Graham's Tulsa teams led the nation in total offense in 2007 and '08, when Malzhan was the coordinator; the Golden Hurricane were sixth and second, respectively, in scoring offense those seasons. Tulsa was fifth in the nation in total offense and sixth in scoring offense last season, when Morris was the coordinator.
Graham, a defensive coach most of his career, will have co-offensive coordinators at Pitt. One will be former Michigan and West Virginia offensive coordinator Calvin Magee, who will double as running backs coach; the other is Mike Norvell, who spent four seasons with Graham at Tulsa and also will oversee the wide receivers. The quarterback coach is Todd Dodge, who was fired as North Texas' coach in November
The change in the offense could be taxing on a group of players used to running a pro-style system. Sunseri has rarely taken snaps out of the shotgun, but he'll be in the formation almost exclusively now. Sunseri said the biggest adjustment actually will be for the receivers, especially in conditioning.

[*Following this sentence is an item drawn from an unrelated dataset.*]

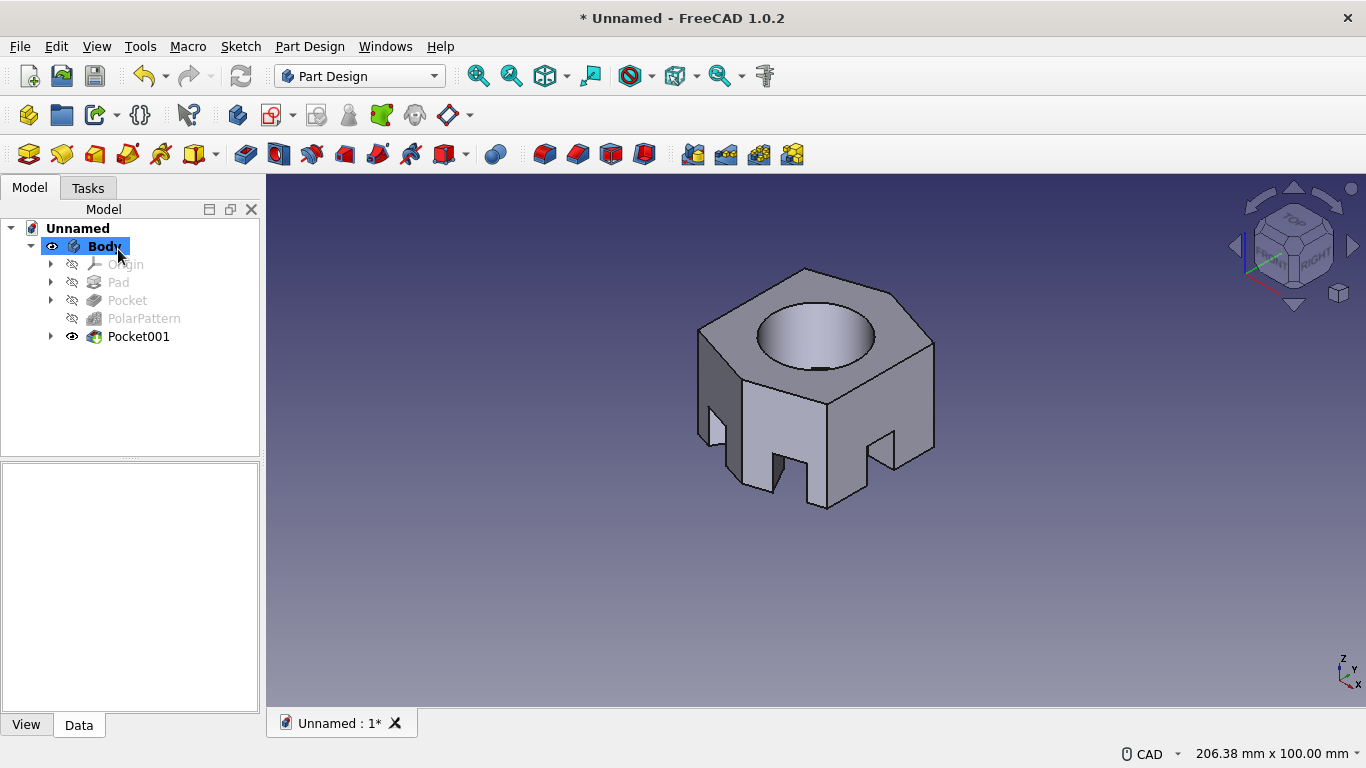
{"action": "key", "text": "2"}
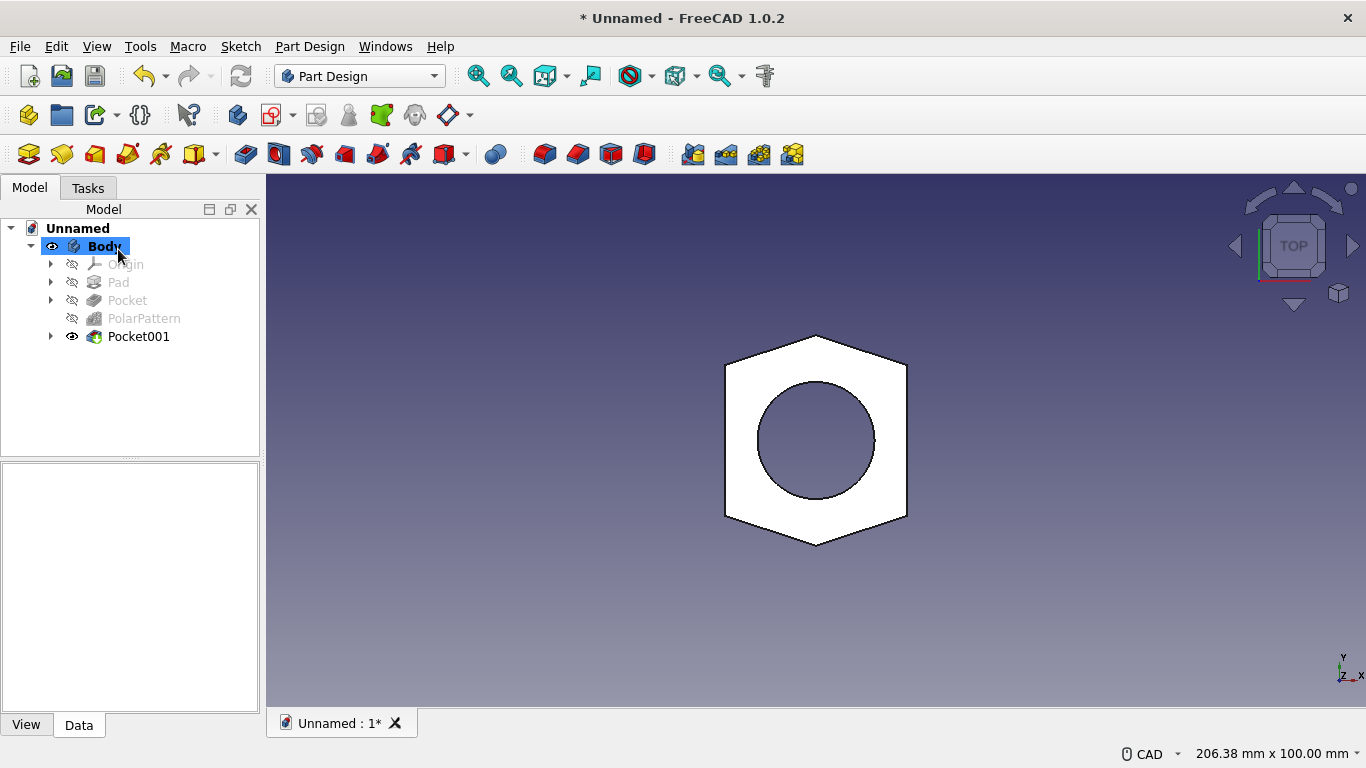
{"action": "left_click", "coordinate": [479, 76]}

"Those guys are used to running routes, going to the huddle and getting their legs back and catching their breath," Sunseri says. "Now they have to sprint back. They're getting calls from the sidelines. They have to do all the running."
Despite the challenges, Graham's offense represents a change in tactics but not necessarily strategy. Like Wannstedt and former coordinator Frank Cignetti, Graham wants to run the ball first to maximize gains in the passing game. As with the previous staff, Graham will use a fullback and a tight end
While there's a tendency to lump all spread offenses together, the Tulsa and Rice offenses have had unique wrinkles. Graham's best teams have run more than they've passed; overall, his teams at Tulsa and Rice ran the ball 54.1 percent of the time. Although his teams may start a play in a different formation, Graham said his offense snaps the ball in a two-back formation more than two-thirds of the time.

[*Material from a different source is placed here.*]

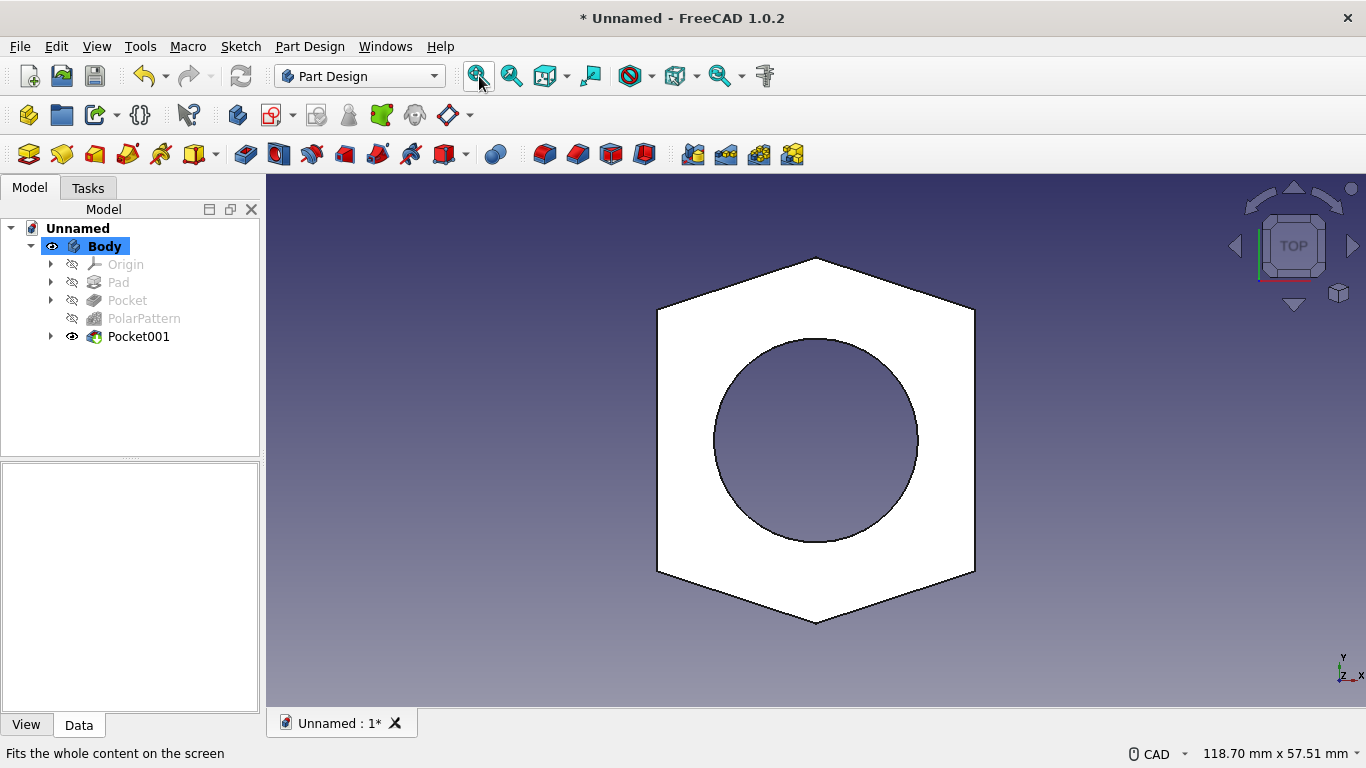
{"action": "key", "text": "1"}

"We are a run-play action pass [team]," Graham says. "The big difference is we want to be a physical team. We play with a fullback/tight end-type guy. To be able to run the ball, you got to be able to incorporate two backs and tight ends and stuff like that.

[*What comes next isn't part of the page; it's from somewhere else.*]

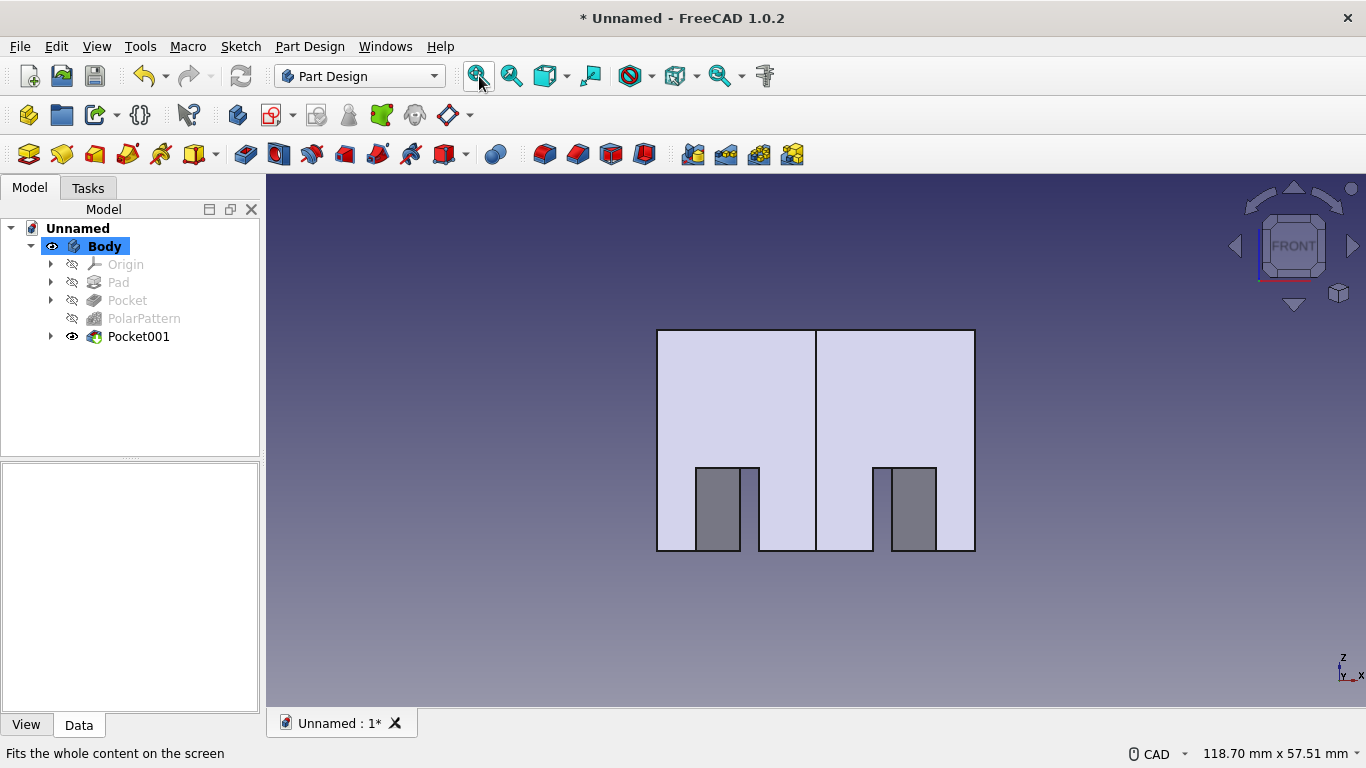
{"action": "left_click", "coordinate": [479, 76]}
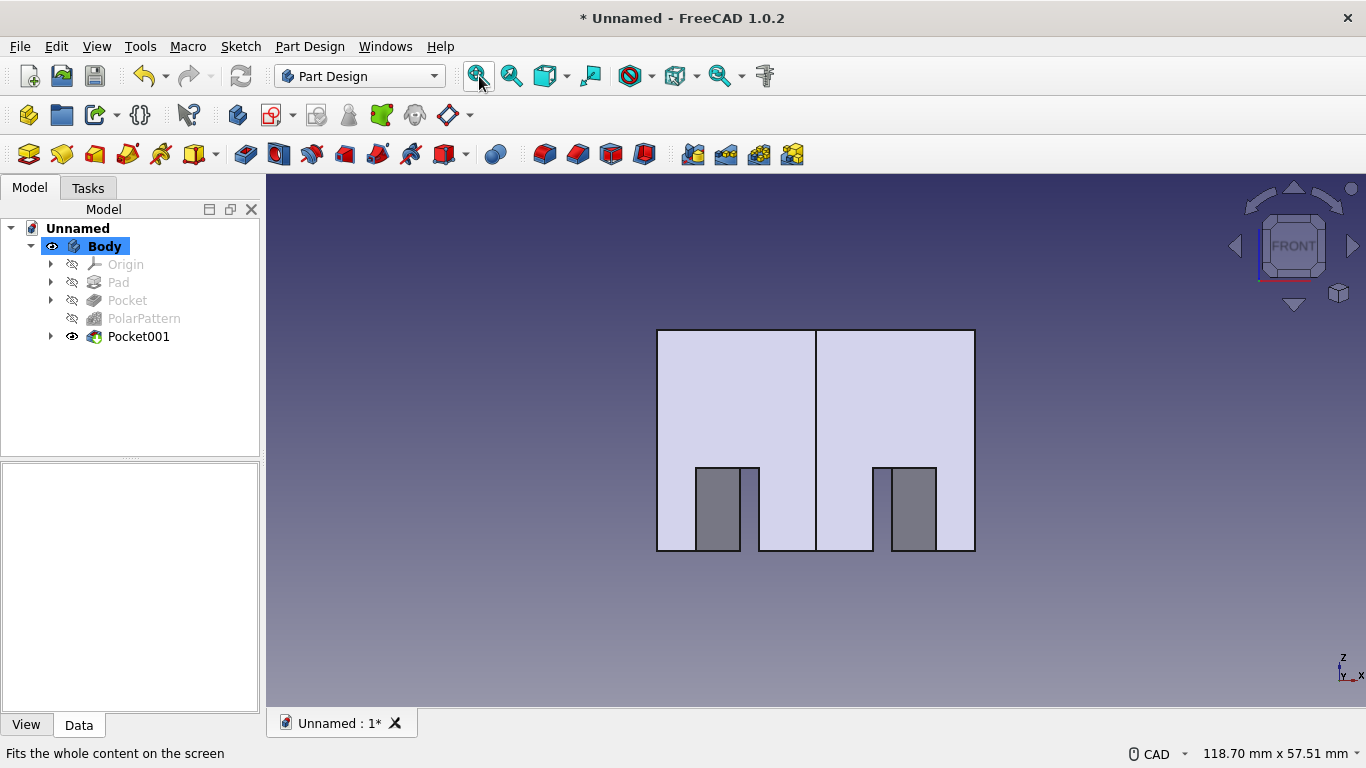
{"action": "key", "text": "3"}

"We're not just a four-wide, five-wide 'throw it first, run it second' type of spread. We're very different from what some of the others are. That's a different type of spread."
Still, Pitt has a roster full of offensive players recruited to play in a pro-style system, and as Graham builds his program, he'll look to Majors' recruiting plan. Despite his ties to Texas, Graham plans to recruit regionally in Pennsylvania, eastern Ohio and in New Jersey and Washington, D.C.
"The last time Pitt owned western Pennsylvania was in '76, when they won a national championship and they kept the best and the brightest here," Graham says. "We'll spot-recruit in places where we have existing relationships. You're not going to be at Pitt and primarily recruit Texas or Florida."
With his current batch of players, Graham does have an intriguing group to run the offense. Running back Ray Graham (no relation to the coach) emerged as a big-play threat as a sophomore last season (6.2 yards per carry, eight touchdown runs); he also is a good receiver out of the backfield, an important component in Graham's offense.
Coaches are hoping wide receivers Mike Shanahan and Devin Street will emerge as reliable targets after spending last season in the shadow of first-round pick Jon Baldwin. Illinois transfer Hubie Graham (no relation to the other two Grahams) and sophomore Brock DeCicco could fill the tight end/H-back role.
The group may be competent, but Todd Graham knows from experience that proficiency is a long-term process.
"We are not going to go from A to Z, not in one year," he says. "When I was at Rice, we went from A to G. When I went back to Tulsa, we went from A to M. We're hoping we can be somewhere in there.
"We will look very different from Year One to Year Four."